RDF/XML Streaming Parser

Build status Coverage Status npm version

A fast, streaming RDF/XML parser that outputs RDFJS-compliant quads.

Installation

$ yarn install rdfxml-streaming-parser

This package also works out-of-the-box in browsers via tools such as webpack and browserify.

Require

import {RdfXmlParser} from "rdfxml-streaming-parser";

or

const RdfXmlParser = require("rdfxml-streaming-parser").RdfXmlParser;

Usage

RdfXmlParser is a Node Transform stream that takes in chunks of RDF/XML data, and outputs RDFJS-compliant quads.

It can be used to pipe streams to, or you can write strings into the parser directly.

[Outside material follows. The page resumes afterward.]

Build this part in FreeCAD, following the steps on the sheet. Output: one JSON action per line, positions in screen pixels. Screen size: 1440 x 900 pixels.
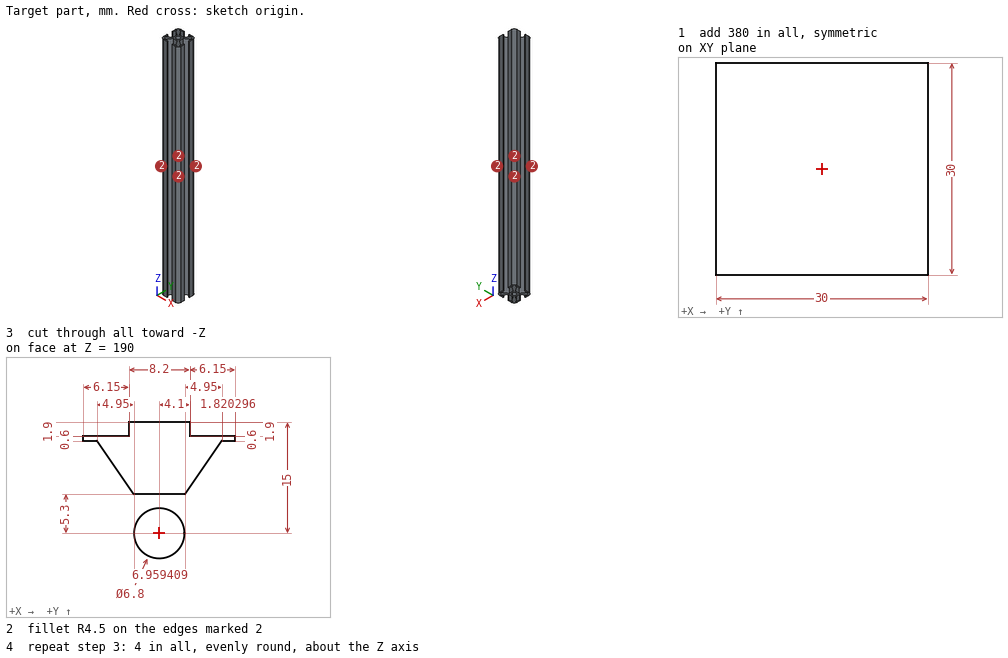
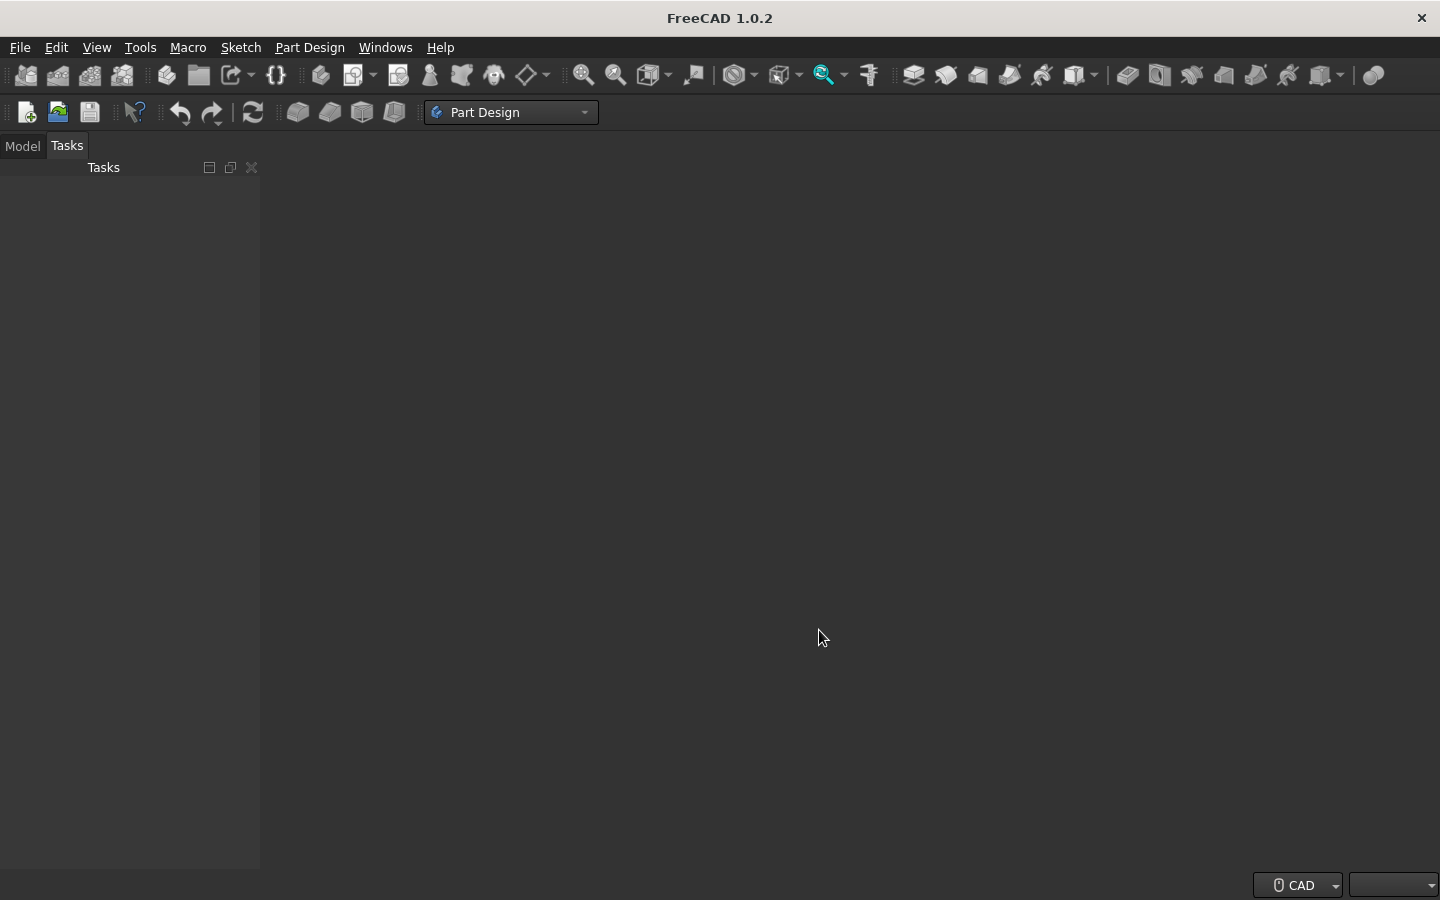
{"action": "left_click", "coordinate": [26, 112]}

Print all parsed triples from a file to the console

const myParser = new RdfXmlParser();

fs.createReadStream('myfile.rdf')
  .pipe(myParser)
  .on('data', console.log)
  .on('error', console.error)
  .on('end', () => console.log('All triples were parsed!'));

Manually write strings to the parser

const myParser = new RdfXmlParser();

myParser
  .on('data', console.log)
  .on('error', console.error)
  .on('end', () => console.log('All triples were parsed!'));

myParser.write('<?xml version="1.0"?>');
myParser.write(`<rdf:RDF xmlns:rdf="http://www.w3.org/1999/02/22-rdf-syntax-ns#"
         xmlns:ex="http://example.org/stuff/1.0/"
         xml:base="http://example.org/triples/">`);
myParser.write(`<rdf:Description rdf:about="http://www.w3.org/TR/rdf-syntax-grammar">`);
myParser.write(`<ex:prop />`);
myParser.write(`</rdf:Description>`);
myParser.write(`</rdf:RDF>`);
myParser.end();

Import streams

This parser implements the RDFJS Sink interface, which makes it possible to alternatively parse streams using the import method.

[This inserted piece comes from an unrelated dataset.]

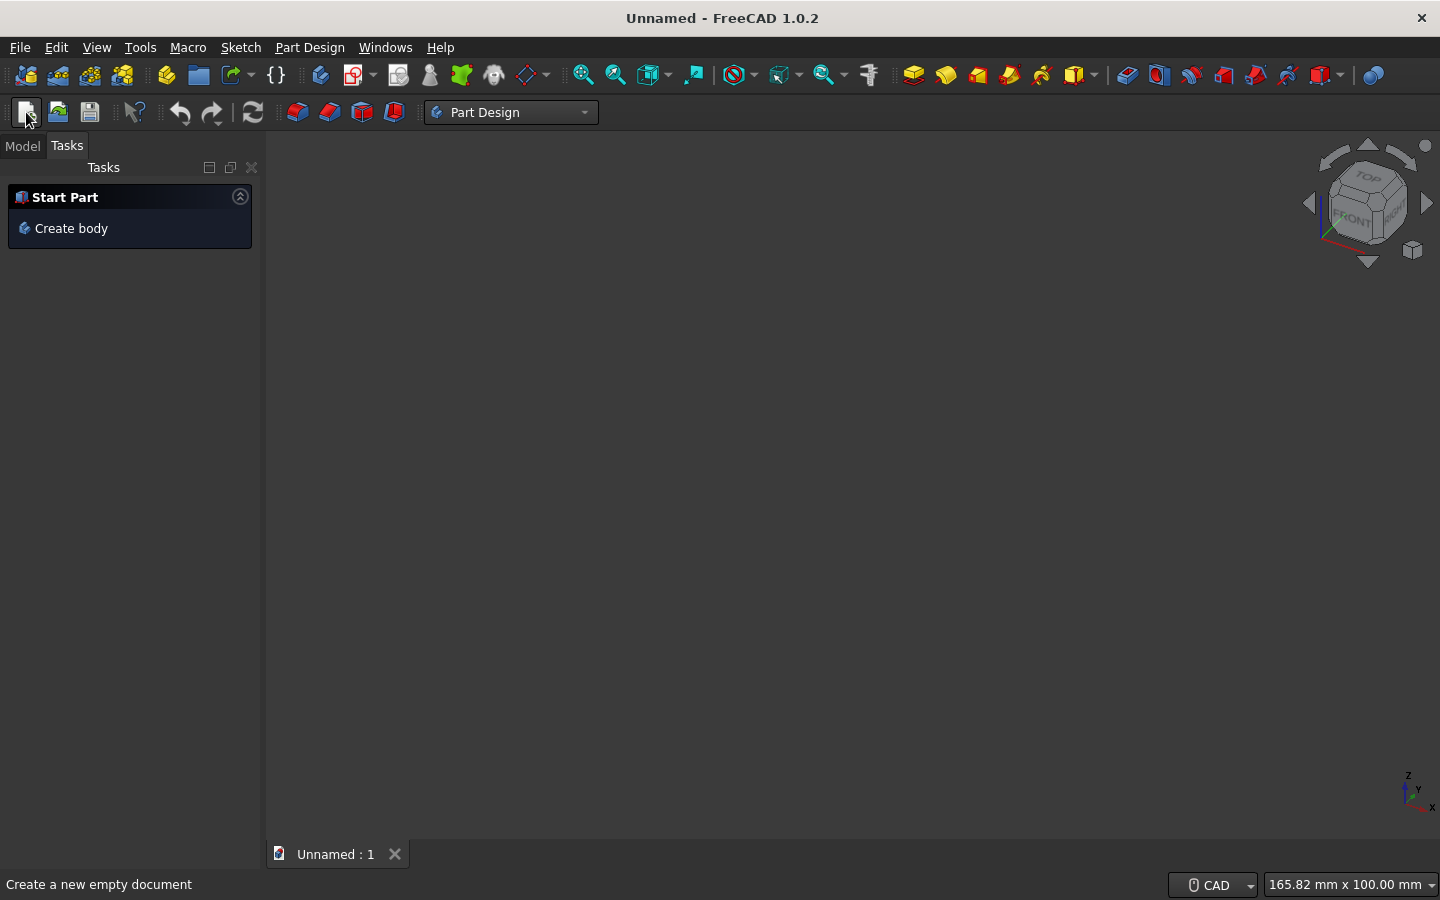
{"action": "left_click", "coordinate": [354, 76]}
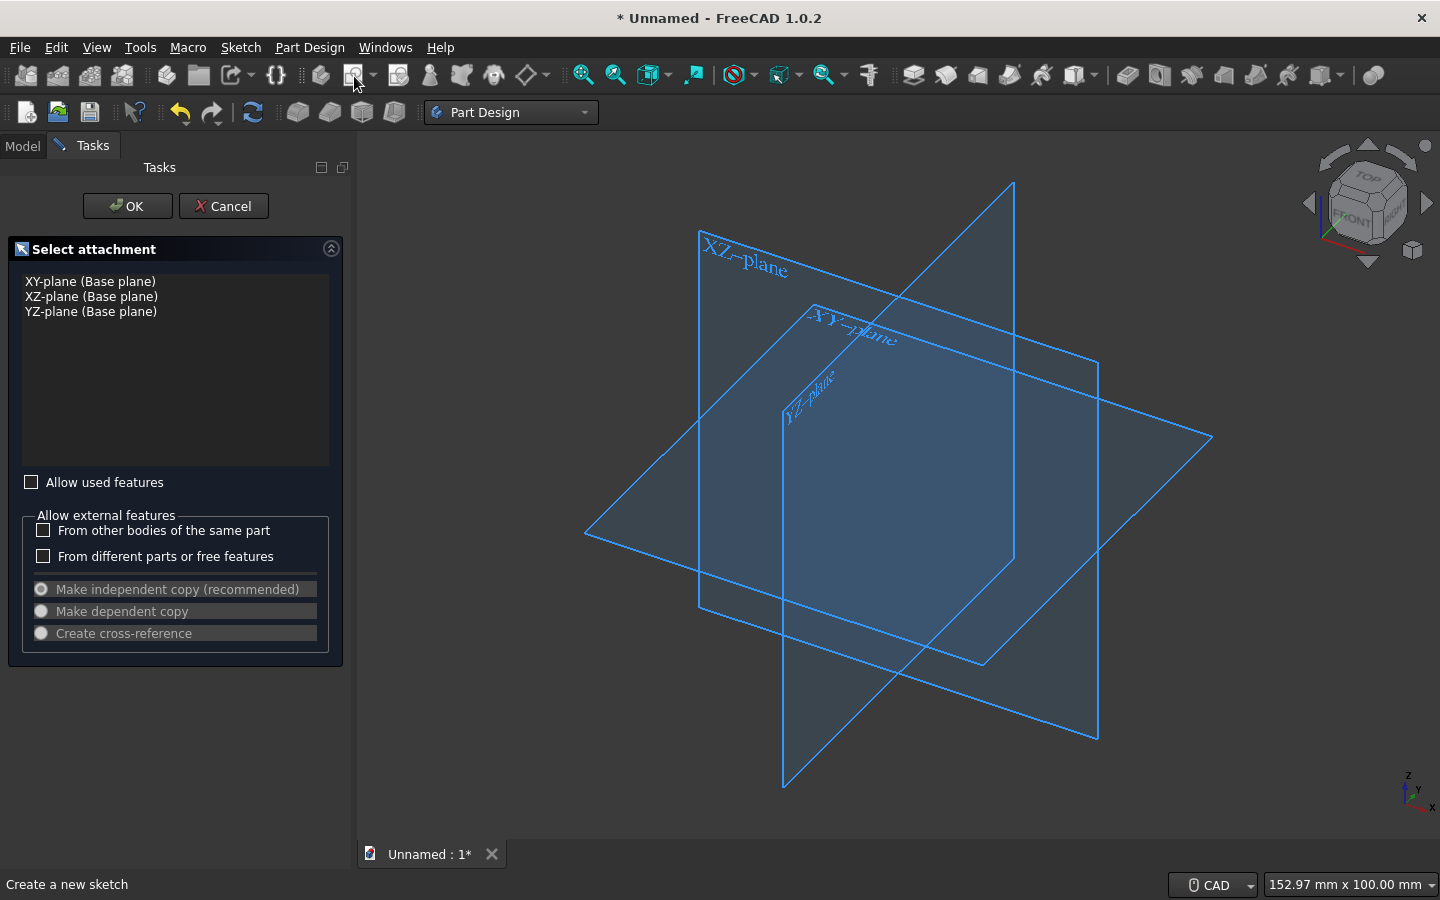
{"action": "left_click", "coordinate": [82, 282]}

const myParser = new RdfXmlParser();

const myTextStream = fs.createReadStream('myfile.rdf');

myParser.import(myTextStream)
  .on('data', console.log)
  .on('error', console.error)
  .on('end', () => console.log('All triples were parsed!'));

Configuration

Optionally, the following parameters can be set in the RdfXmlParser constructor:

  • dataFactory: A custom RDFJS DataFactory to construct terms and triples. (Default: require('@rdfjs/data-model'))
  • baseIRI: An initial default base IRI. (Default: '')
  • defaultGraph: The default graph for constructing quads. (Default: defaultGraph())
  • strict: If the internal SAX parser should parse XML in strict mode, and error if it is invalid. (Default: false)
  • trackPosition: If the internal position (line, column) should be tracked an emitted in error messages. (Default: false)
  • allowDuplicateRdfIds: By default multiple occurrences of the same rdf:ID value are not allowed. By setting this option to true, this uniqueness check can be disabled. (Default: false)
  • validateUri: By default, the parser validates each URI. (Default: true)
  • iriValidationStrategy: Allows to customize the used IRI validation strategy using the IriValidationStrategy enumeration. IRI validation is handled by validate-iri.js. (Default: IriValidationStrategy.Pragmatic)
new RdfXmlParser({
  dataFactory: require('@rdfjs/data-model'),
  baseIRI: 'http://example.org/',
  defaultGraph: namedNode('http://example.org/graph'),
  strict: true,
  trackPosition: true,
  allowDuplicateRdfIds: true,
  validateUri: true,
});

License

This software is written by Ruben Taelman.

This code is released under the MIT license.